How it builds on previous work:

  • In the previous lesson, students finished hearing Colonial Voices: Hear Them Speak read aloud and closely read "Revolutionary War, Part I" to build more context about the American Revolution. This lesson builds on those foundations by focusing on a particular perspective in the American Revolution, the Patriot perspective.
  • In Module 1, students practiced writing complete sentences without fragments or run-ons and marking direct quotes from text, both of which are reviewed in this lesson.

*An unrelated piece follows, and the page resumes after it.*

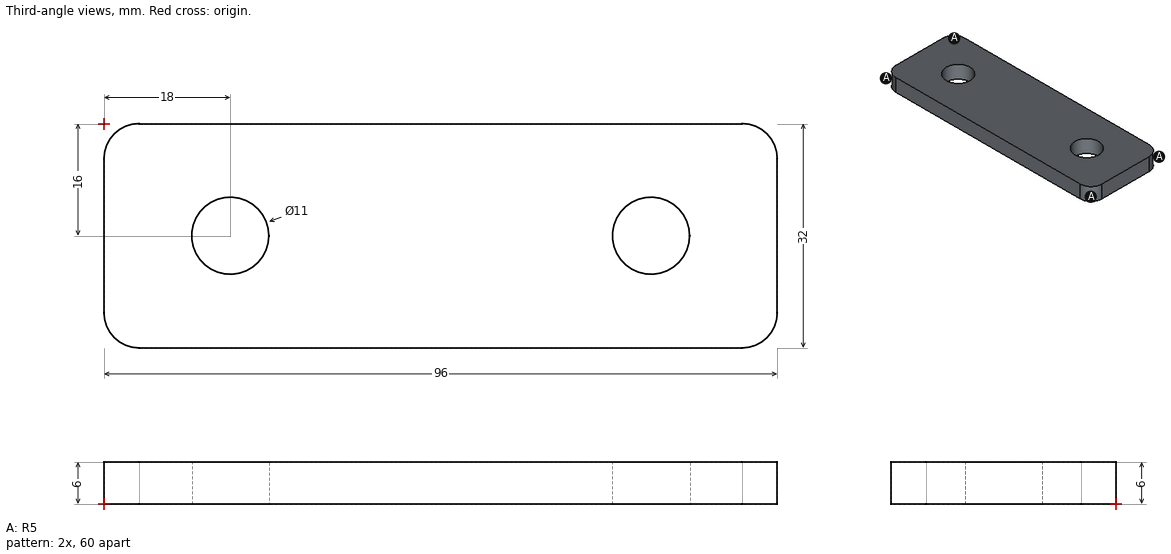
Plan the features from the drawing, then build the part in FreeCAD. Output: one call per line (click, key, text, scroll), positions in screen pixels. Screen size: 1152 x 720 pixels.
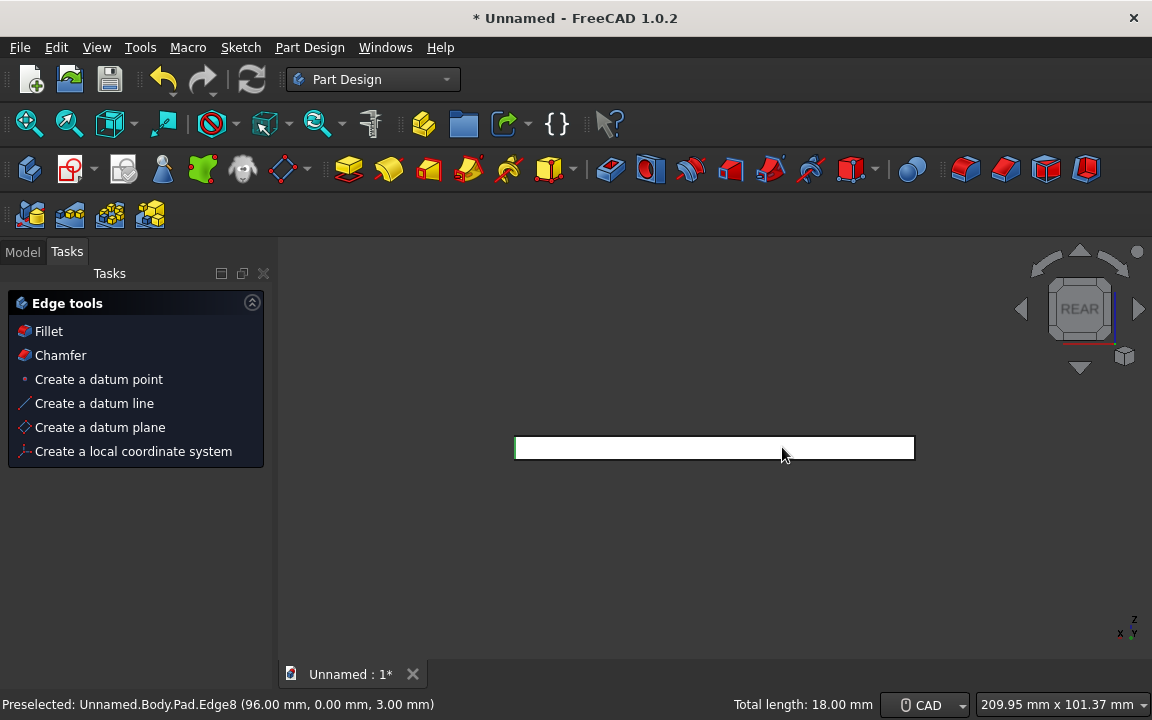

Areas in which students may need additional support:

  • Students may need additional support reading the text and recording their research. Ensure that pairs have at least one strong reader. For students who might really struggle to complete the note-catcher, invite the pair to share a note-catcher.

Assessment guidance:

  • Review students' Close Reading note-catchers to ensure that they understand what the Loyalists believed and why, as well as the chronological structure of the text.
  • Consider using the Reading: Foundational Skills Informal Assessment: Phonics and Word Recognition Checklist (Grade 4) or the Reading: Foundational Skills Informal Assessment: Reading Fluency Checklist to assess students' during Work Time C (see the Tools page).

Down the road:

  • In the next lesson, students complete the mid-unit assessment.

In Advance

  • Strategically group students into pairs for the work in this lesson, with at least one strong reader in each pair.
  • Preview the Loyalist paragraph (example, for teacher reference) to familiarize yourself with the expectations of the final product of the lesson.
  • Preview the Language Dive Guide and consider how to invite conversation among students to address the questions and goals suggested under each sentence strip chunk (see supporting Materials). Select from the questions and goals provided to best meet your students' needs.
  • If the class didn't create a "Language Chunk Wall" in Module 2, consider creating one now. The Language Chunk Wall is an area in the classroom where students can display and categorize the academic phrases discussed in each Language Dive. During each Language Dive, students are invited to place the Language Dive sentence strip chunks on the Language Chunk Wall into corresponding categories, such as "Nouns and noun phrases" or "Language to talk about purpose." Students can then refer to the wall after the Language Dive and during subsequent lessons as they speak and write.
  • Post: Learning target and applicable anchor charts (see Materials list).

Tech and Multimedia

  • Continue to use the technology tools recommended throughout Modules 1-2 to create anchor charts to share with families, to record students as they participate in discussions and protocols to review with students later and to share with families, and for students to listen to and annotate text, record ideas on note-catchers, and word-process writing.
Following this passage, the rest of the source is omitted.